While New York-based agent Rob Plummer was responsible for negotiating on Gonzalez's behalf with other major league teams in 2006, talks with the Nationals were done strictly by Basilio Vizcaino, a "buscon" a middleman who often trains players in Latin America with the hope of getting a share of the money if the athletes sign with major league organizations.
Plummer, who specializes in representing baseball players from the Dominican Republic, said in a telephone interview Wednesday that he had heard about two years ago that Gonzalez used a fake age.
"I found out that Gonzalez was four or five years older, but nobody asked me about it.

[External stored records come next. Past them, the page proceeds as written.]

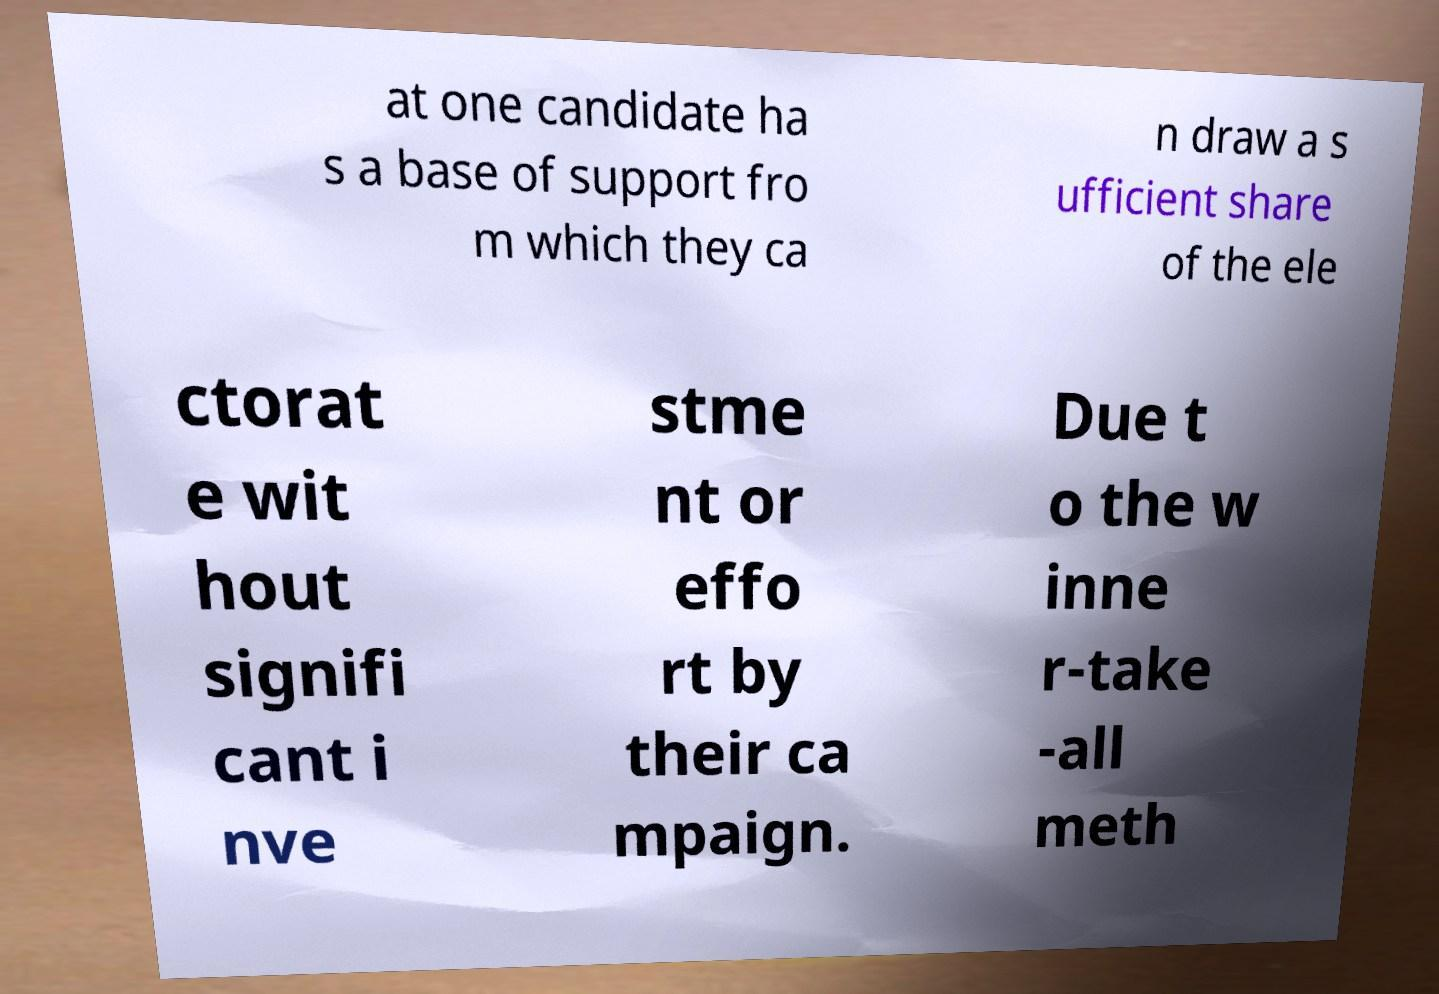Could you extract and type out the text from this image? at one candidate ha s a base of support fro m which they ca n draw a s ufficient share of the ele ctorat e wit hout signifi cant i nve stme nt or effo rt by their ca mpaign. Due t o the w inne r-take -all meth 
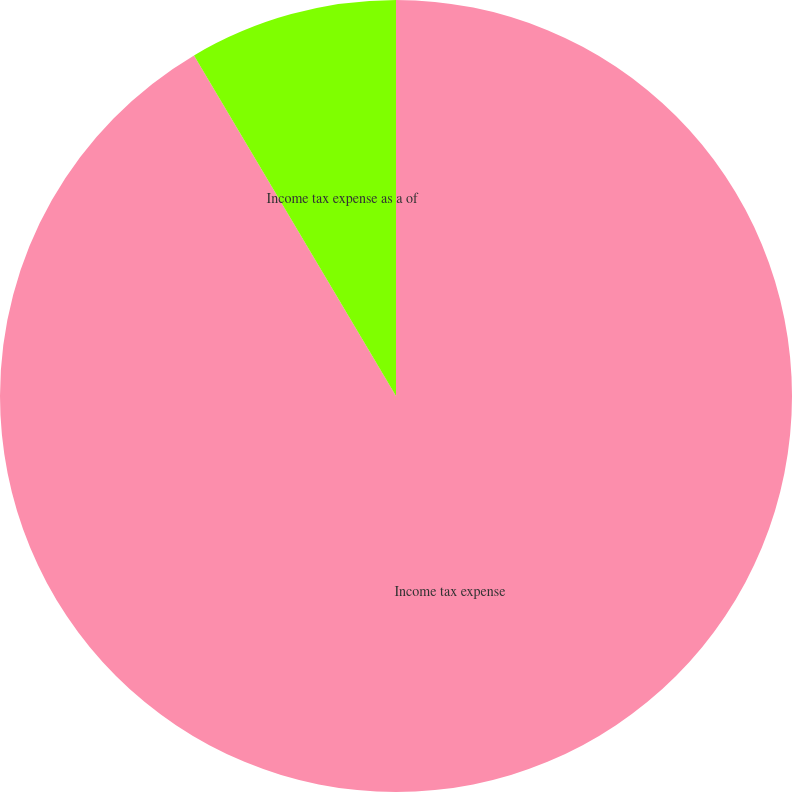Convert chart to OTSL. <chart><loc_0><loc_0><loc_500><loc_500><pie_chart><fcel>Income tax expense<fcel>Income tax expense as a of<nl><fcel>91.48%<fcel>8.52%<nl></chart> 
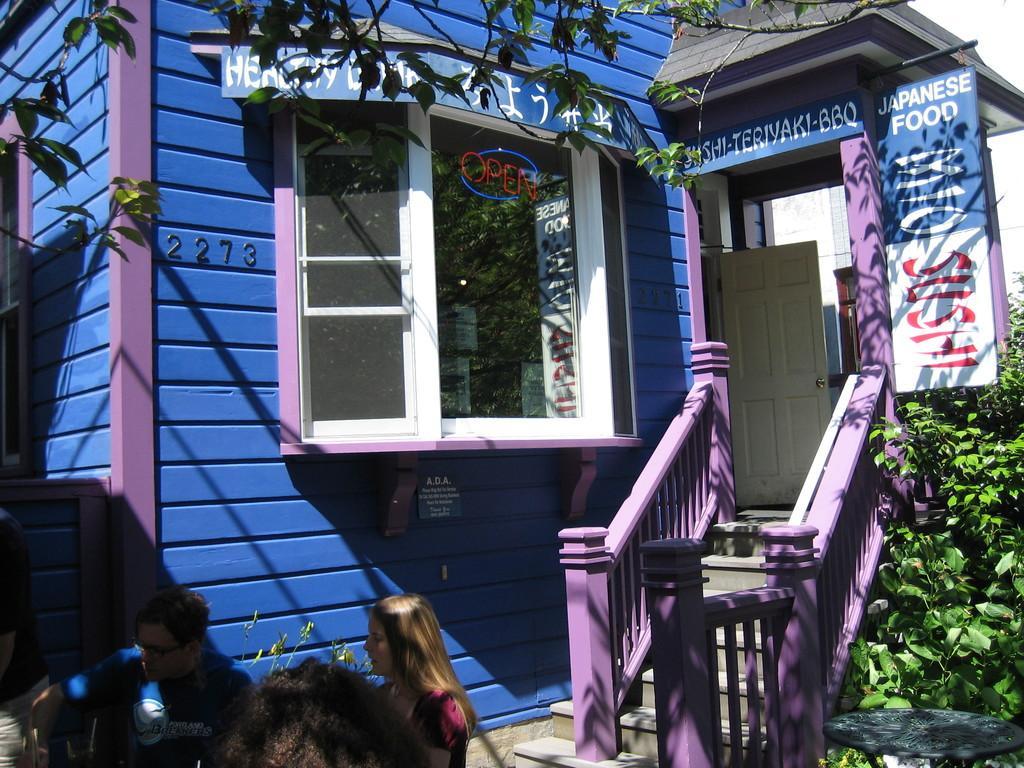Could you give a brief overview of what you see in this image? In this image we can see a store. There are few advertising boards in the image. There is a tree in the image. We can see few plants at the right side of the image. There are few people sitting on the chairs at the bottom of the image. A person is standing at the left side of the image. We can see the reflection of a tree and a board on the glass of the store.

By then, I was no longer involved," Plummer said.
Plummer and King - who began representing Gonzalez five or six months after he signed with the Nationals - both said neither the Nationals nor Major League Baseball contacted them in the course of the recent investigation.
Kasten said MLB is responsible for checking the documents of Latin American prospects and that Gonzalez was given the OK - twice, both at the time of his signing and then again in 2007 after Kasten said he heard rumors of "irregularities ... whether it was the amount of money or where the money wound up going or whatnot."
In recent years, several players in the majors and minors such as Miguel Tejada, Rafael Furcal and Bartolo Colon were found to be older than originally thought.
Most of the discrepancies involved players from Latin American countries, and were discovered when visas, birth certificates and other documentation were checked more closely following the Sept. 11 attacks.
"In the Dominican, you never know. You just never know anymore. That (stuff has) been going on for so long," Rijo, the 1990 World Series MVP for the Cincinnati Reds, said of players lying about their ages.
Asked whether he had ever seen Gonzalez's documents, Rijo said: "You see a document, but you're going to see a real or a fake one, anyway. It doesn't matter. But you've got to go through Major League Baseball before you can get the kid to sign. "
Shortly after those comments, the Nationals announced that Kasten would be the only member of the organization, including Bowden, who would speak about the matter.
Bowden met last year with FBI investigators looking into an alleged scam involving skimming signing bonuses for prospects from the Dominican Republic.
Kasten credited MLB's department of investigations - established after a recommendation in the Mitchell Report - with uncovering the hoax.
"It was kind of amazing how we finally broke through and got someone to confess," Kasten said, "and then the dominoes started falling."